Farnesyl pyrophosphate synthase promotes restenosis after vascular injury by activating small G proteins.

This study aimed to investigate the role of farnesyl pyrophosphate synthase (FPPS) in restenosis following vascular injury. Primary vascular smooth muscle cells were transfected with or without Lenti-FPPS shRNA and subsequently stimulated with angiotensin II (10(-7) mol/l) or transforming growth factor-beta 1 (10 ng/ml). The activities of small G proteins were assessed. An in vivo vascular restenosis model was established by inducing balloon injury in the rat carotid intima. Injured carotid arteries were transfected with Lenti-FPPS shRNA (6 × 10(8) plaque-forming unit), and vascular histopathology was analyzed. Gene and protein expression levels were evaluated in both in vivo and in vitro models using quantitative RT-PCR and Western blotting, respectively. Angiotensin II or transforming growth factor-beta 1 stimulation increased the protein levels of FPPS, connective tissue growth factor, phosphorylated p38, and Jun NH2-terminal kinase, as well as the activities of small G proteins in vascular smooth muscle cells. These effects were significantly attenuated following Lenti-FPPS shRNA transfection.

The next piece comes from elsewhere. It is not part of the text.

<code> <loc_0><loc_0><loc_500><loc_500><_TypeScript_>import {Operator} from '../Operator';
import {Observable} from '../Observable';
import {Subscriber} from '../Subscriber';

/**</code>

In the carotid artery injury model, rats exhibited luminal narrowing, extensive neointima formation, and abundant foam cells and fibrous connective tissue in the intima and media. However, these pathological changes, along with the upregulation of FPPS, connective tissue growth factor, and small G protein activities in the injured carotid arteries, were alleviated by FPPS inhibition via Lenti-FPPS shRNA transfection. This study demonstrates that FPPS contributes to restenosis after vascular injury, potentially by modulating the small G protein (Rac and RhoA)-Jun NH2-terminal kinase and small G protein (Rac and RhoA)-p38 mitogen-activated protein kinase signaling pathways in both in vitro and in vivo models.